Data for this task:
################

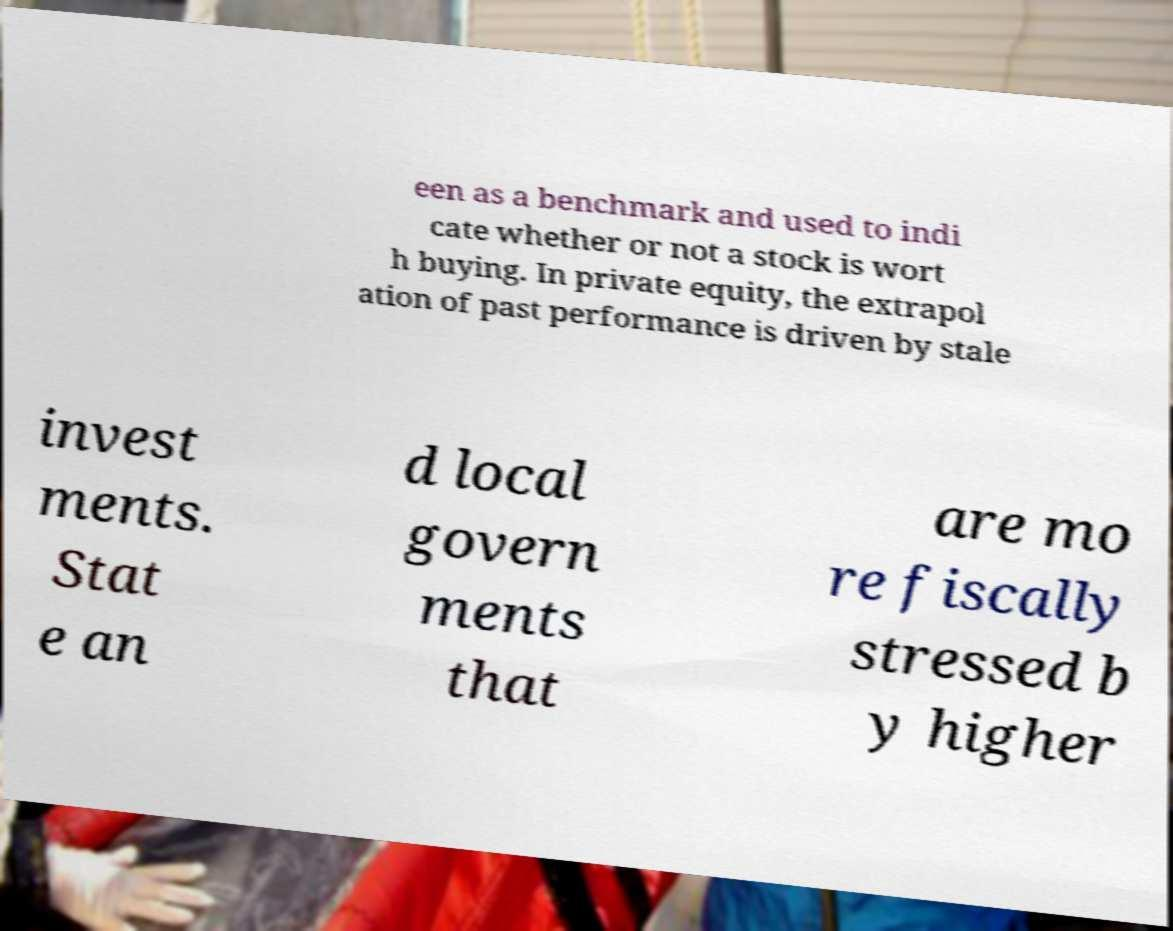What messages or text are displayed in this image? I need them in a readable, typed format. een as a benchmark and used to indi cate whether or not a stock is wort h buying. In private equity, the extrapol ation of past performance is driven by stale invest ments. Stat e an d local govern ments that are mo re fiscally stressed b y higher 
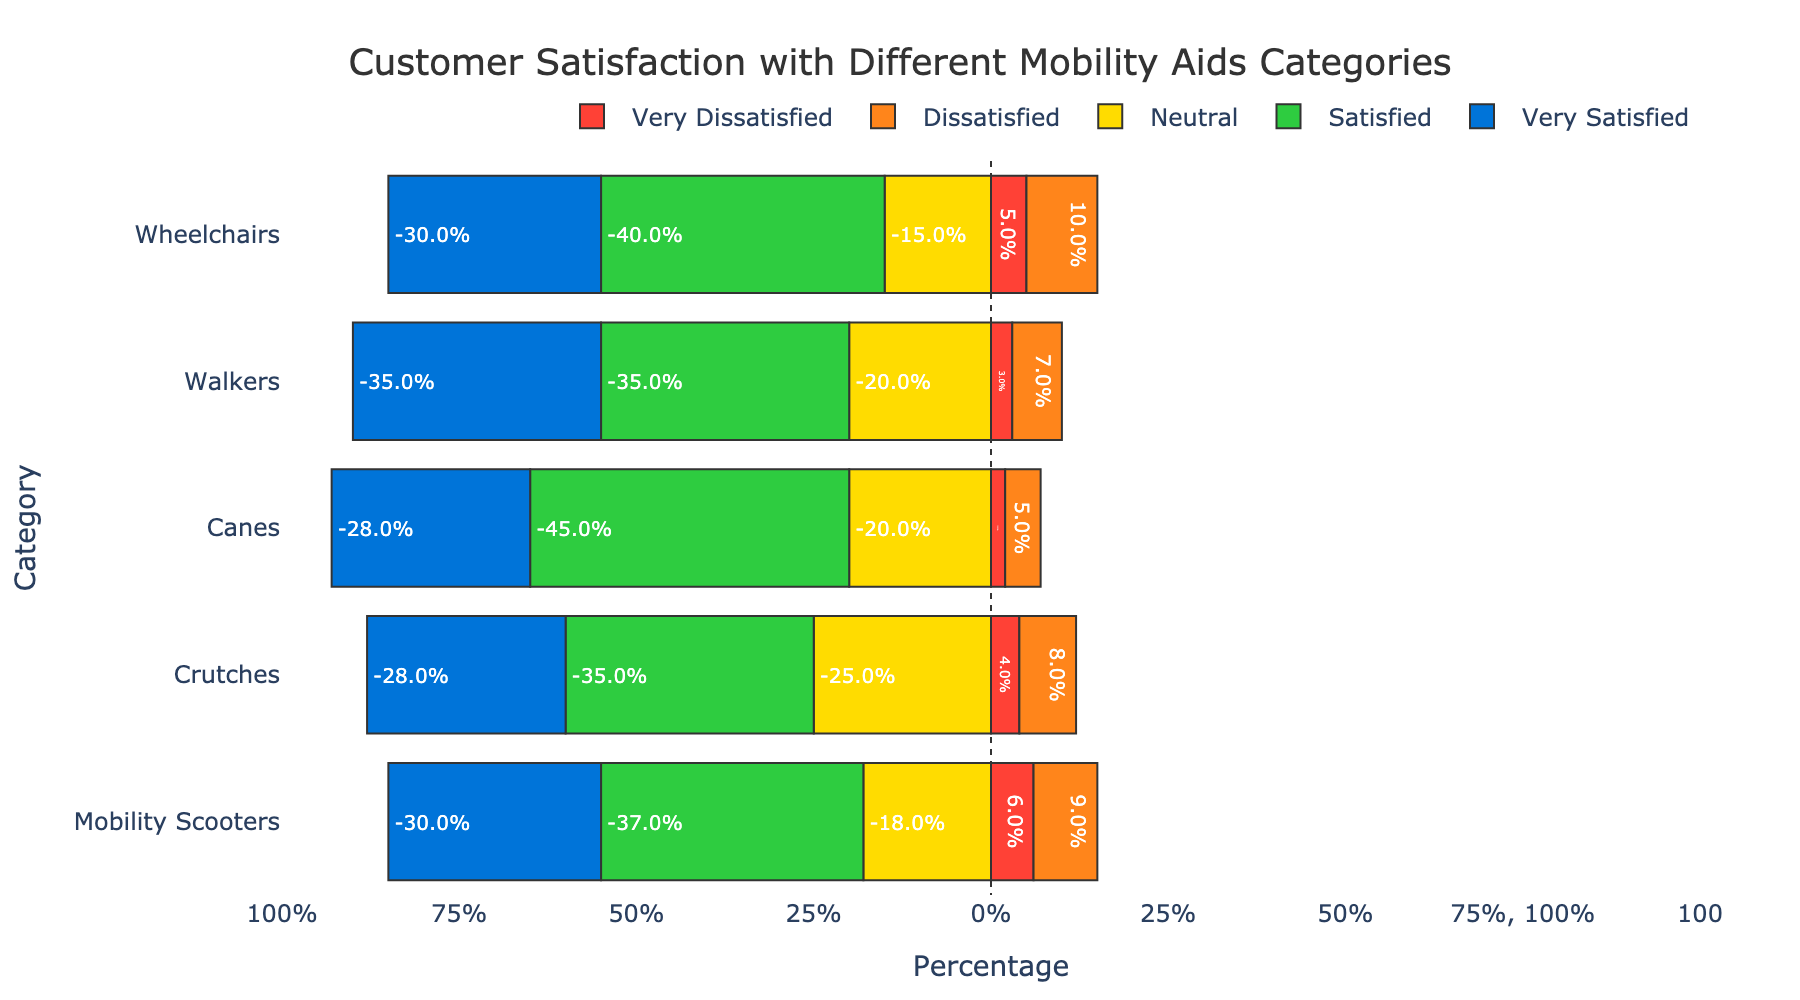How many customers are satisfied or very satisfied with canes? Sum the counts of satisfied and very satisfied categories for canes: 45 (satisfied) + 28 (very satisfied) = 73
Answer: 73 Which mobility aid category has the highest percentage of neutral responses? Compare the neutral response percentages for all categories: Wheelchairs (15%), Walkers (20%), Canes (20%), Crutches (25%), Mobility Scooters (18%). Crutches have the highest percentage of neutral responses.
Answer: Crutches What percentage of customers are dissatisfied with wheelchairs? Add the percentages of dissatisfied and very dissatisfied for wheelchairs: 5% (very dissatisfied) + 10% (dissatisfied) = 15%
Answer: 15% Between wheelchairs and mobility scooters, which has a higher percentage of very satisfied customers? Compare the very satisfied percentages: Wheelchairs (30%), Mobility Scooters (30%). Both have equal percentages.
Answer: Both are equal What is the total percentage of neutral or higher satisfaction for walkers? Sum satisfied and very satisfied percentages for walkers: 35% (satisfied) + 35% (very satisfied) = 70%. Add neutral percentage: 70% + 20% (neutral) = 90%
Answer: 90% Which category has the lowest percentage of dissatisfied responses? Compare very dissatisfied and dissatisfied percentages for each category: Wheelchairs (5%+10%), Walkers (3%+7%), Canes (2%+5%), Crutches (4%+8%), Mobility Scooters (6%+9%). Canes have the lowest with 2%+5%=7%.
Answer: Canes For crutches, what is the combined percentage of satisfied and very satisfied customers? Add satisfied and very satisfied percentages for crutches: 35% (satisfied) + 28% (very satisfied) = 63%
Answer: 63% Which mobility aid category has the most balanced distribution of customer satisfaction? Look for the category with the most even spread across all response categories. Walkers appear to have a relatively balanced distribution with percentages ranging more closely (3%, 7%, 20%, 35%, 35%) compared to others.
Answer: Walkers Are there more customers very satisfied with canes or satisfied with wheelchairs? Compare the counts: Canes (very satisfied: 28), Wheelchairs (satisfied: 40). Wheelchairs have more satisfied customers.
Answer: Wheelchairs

################

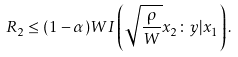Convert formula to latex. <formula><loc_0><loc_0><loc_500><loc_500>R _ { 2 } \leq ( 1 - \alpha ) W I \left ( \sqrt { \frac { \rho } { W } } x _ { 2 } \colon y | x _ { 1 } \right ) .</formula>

################

About this exercise: Using the entries, return every line where the word "satisfaction" can be found.

Answer below:
Answer: Both are equal What is the total percentage of neutral or higher satisfaction for walkers? Sum satisfied and very satisfied percentages for walkers: 35% (satisfied) + 35% (very satisfied) = 70%. Add neutral percentage: 70% + 20% (neutral) = 90%
Answer: 63% Which mobility aid category has the most balanced distribution of customer satisfaction? Look for the category with the most even spread across all response categories. Walkers appear to have a relatively balanced distribution with percentages ranging more closely (3%, 7%, 20%, 35%, 35%) compared to others.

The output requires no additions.